Specifically to Detroit - the city is bankrupt. Every $100K counts for them. I'm surprised they only charge $6 per search, but that is probably limited by the State law.

  • Even as a real estate professional, there are many aspects to a title search that can be easily missed. If you do the work yourself, you're accountable.
    – sdgenxr
    May 19, 2014 at 15:16
  • @littleadv, thank you for the detailed response. Can you provide any insight as to how point number 3 would work in practice? Do title search companies search every single bank in the country or something? And how would a lien be enforceable if it was never submit to county record within (what I imagine must exist) some statute of limitations? Also my gripe that they are charging at all stems from the fact that they would probably have many more properties in the hands of tax paying owners if they lowered the bar to entry required to assume ownership of a property (by making searches free 247) May 19, 2014 at 22:36
  • @islandlubber64 You'll have to talk to a lawyer licensed in your State about the lien question, I really wouldn't know.
    – littleadv
    May 20, 2014 at 3:45

Basically what @littleadv said, but let me amplify what I think is the most important point.

As he/she says, one thing you're paying them for is their expertise. If the title on record at the county office had a legal flaw in it, would you recognize it? In a way your question is like asking, Why should I go to a doctor when I could just make my own medicine out of herbs I grow in my garden and treat myself? Maybe you could. But the doctor and the pharmacist have years of training on how to do this right. You probably don't. Is it possible for you to learn everything you need to do it right? Sure. But do you want to spend the time to study all that for something that you will do -- buy a house -- maybe once every ten years? Will you remember it all next time or have to learn it all over?

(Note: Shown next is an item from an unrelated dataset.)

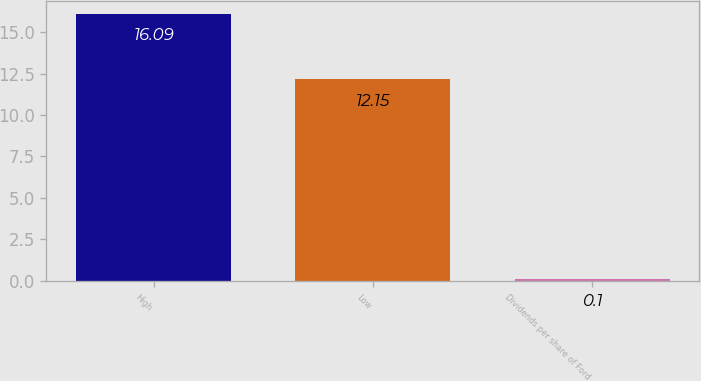Convert chart. <chart><loc_0><loc_0><loc_500><loc_500><bar_chart><fcel>High<fcel>Low<fcel>Dividends per share of Ford<nl><fcel>16.09<fcel>12.15<fcel>0.1<nl></chart>

But really most important is, title companies offer insurance in case the title turns out to be flawed. That, to me, is the big reason why I would use a title company even if I was paying cash and there was no bank involved to insist on it. If there's some legal flaw in the title and it turns out that someone else has a claim to my house, and I lose in court, I would be out about $100,000. Your house might be costing you much more. That's a huge risk to take. Paying the couple of hundred dollars for insurance against that risk seems well worth it to me.

And by the way, I don't think the "due diligence" is easy. It's NOT just a matter of making sure a title is really on file at the court house and has the proper stamp on it. It's all about, Does someone else have a legal claim to this property? Like, maybe three owners ago someone forged a signature on a deed, so the sale is fraudulent, and now the person who was defrauded or his heirs discover the issue and claim the property. Or maybe the previous owner failed to pay a contractor who did repairs on the house, and now he goes to court and gets a lien on the property. It's unlikely that you have the expertise to recognize a forged document. You almost surely have no way to recognize a forged signature of someone you never met on an otherwise valid-looking document. And you'd have to do a lot of research to find every contractor who ever worked on the house and insure none of them have a claim. Etc.

  • +1 For the insurance which might be the best way of looking at things. You are buying insurance to cover you if something is wrong with the title.